▶ How to complete this task
In the records below, find the line with "Could you give" and the line with "5) Compare the". Print both exactly, along with every line between them, and no other line.

▶ Supplied data
▼▼▼
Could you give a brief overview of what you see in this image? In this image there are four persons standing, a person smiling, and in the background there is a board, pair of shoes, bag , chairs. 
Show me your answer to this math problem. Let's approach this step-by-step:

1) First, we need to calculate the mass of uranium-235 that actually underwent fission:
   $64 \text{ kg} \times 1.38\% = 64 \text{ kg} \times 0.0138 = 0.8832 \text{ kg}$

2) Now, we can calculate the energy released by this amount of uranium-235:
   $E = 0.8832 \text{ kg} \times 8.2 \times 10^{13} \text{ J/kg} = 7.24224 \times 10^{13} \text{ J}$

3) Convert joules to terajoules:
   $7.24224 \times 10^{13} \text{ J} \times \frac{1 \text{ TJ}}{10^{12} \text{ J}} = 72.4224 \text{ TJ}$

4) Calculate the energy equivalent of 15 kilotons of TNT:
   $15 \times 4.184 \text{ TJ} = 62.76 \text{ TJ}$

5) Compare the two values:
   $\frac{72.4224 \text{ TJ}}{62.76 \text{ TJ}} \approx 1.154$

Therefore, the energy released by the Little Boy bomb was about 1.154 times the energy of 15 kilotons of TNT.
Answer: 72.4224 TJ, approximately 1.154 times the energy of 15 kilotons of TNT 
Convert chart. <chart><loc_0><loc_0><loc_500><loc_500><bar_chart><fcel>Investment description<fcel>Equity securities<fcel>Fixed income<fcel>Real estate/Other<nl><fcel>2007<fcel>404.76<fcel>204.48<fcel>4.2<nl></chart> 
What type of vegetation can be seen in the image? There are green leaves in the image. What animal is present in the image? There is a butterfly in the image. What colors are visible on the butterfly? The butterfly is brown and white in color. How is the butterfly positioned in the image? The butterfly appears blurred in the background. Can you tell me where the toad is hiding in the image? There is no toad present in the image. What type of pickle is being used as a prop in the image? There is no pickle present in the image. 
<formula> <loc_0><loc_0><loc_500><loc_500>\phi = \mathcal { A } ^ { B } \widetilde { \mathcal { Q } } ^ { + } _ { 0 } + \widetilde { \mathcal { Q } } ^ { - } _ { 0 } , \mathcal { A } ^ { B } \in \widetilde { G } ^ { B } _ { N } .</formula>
▲▲▲
▼▼▼
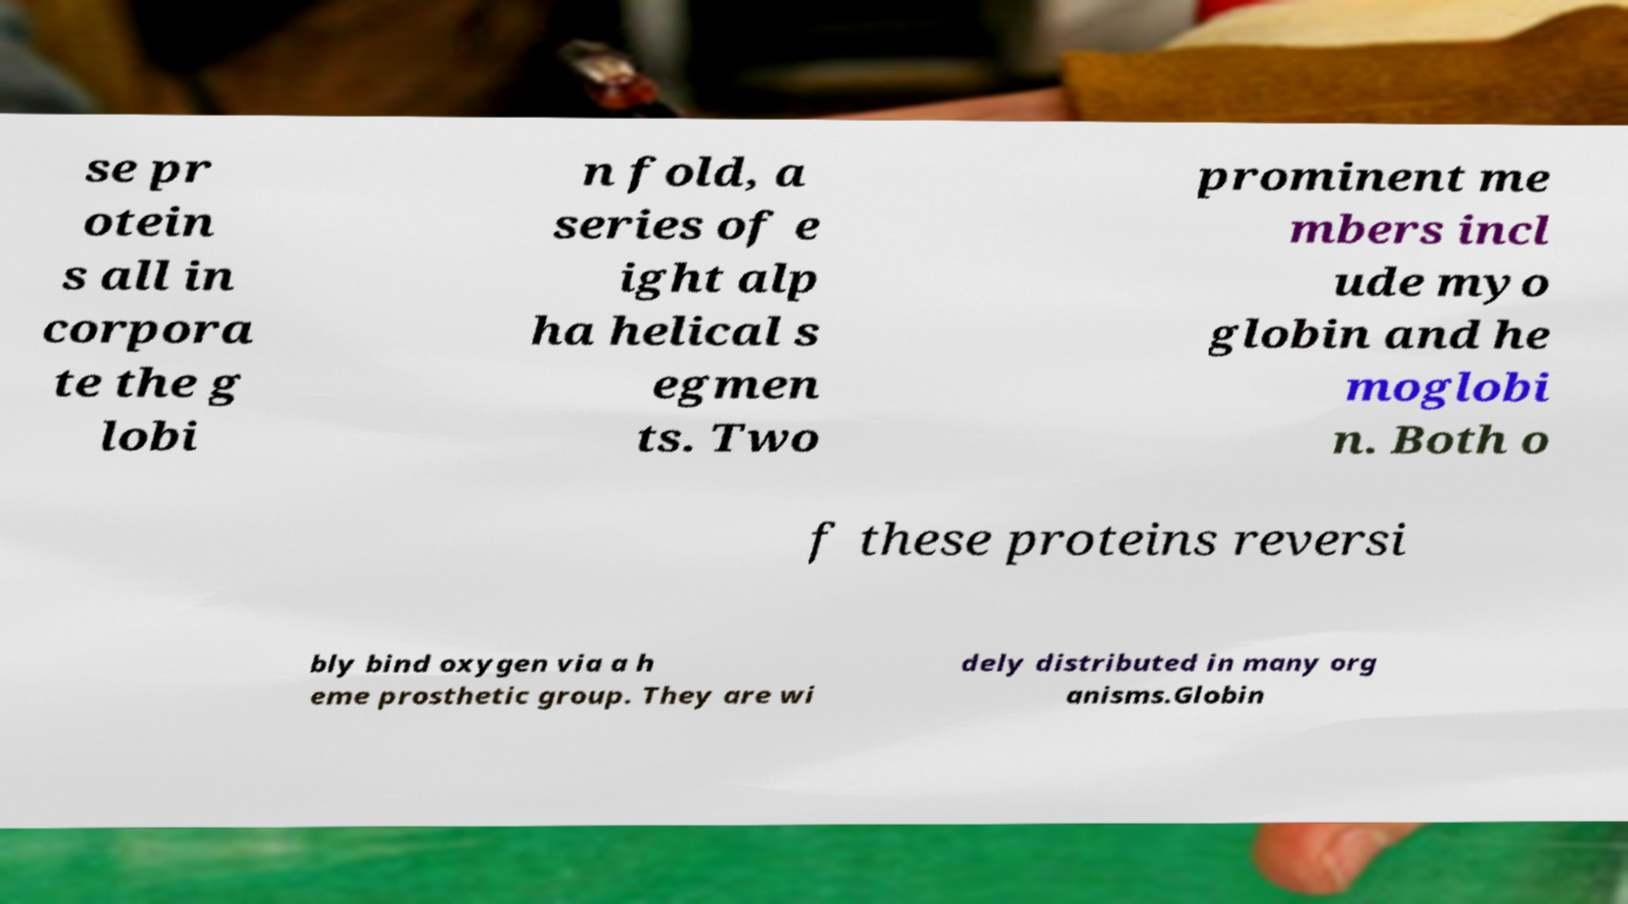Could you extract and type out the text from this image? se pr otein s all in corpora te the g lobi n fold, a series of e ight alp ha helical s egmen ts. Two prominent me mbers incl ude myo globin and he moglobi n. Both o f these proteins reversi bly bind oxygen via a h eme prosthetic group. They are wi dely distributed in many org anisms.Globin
▲▲▲
▶ Exercise answer
Could you give a brief overview of what you see in this image? In this image there are four persons standing, a person smiling, and in the background there is a board, pair of shoes, bag , chairs. 
Show me your answer to this math problem. Let's approach this step-by-step:

1) First, we need to calculate the mass of uranium-235 that actually underwent fission:
   $64 \text{ kg} \times 1.38\% = 64 \text{ kg} \times 0.0138 = 0.8832 \text{ kg}$

2) Now, we can calculate the energy released by this amount of uranium-235:
   $E = 0.8832 \text{ kg} \times 8.2 \times 10^{13} \text{ J/kg} = 7.24224 \times 10^{13} \text{ J}$

3) Convert joules to terajoules:
   $7.24224 \times 10^{13} \text{ J} \times \frac{1 \text{ TJ}}{10^{12} \text{ J}} = 72.4224 \text{ TJ}$

4) Calculate the energy equivalent of 15 kilotons of TNT:
   $15 \times 4.184 \text{ TJ} = 62.76 \text{ TJ}$

5) Compare the two values:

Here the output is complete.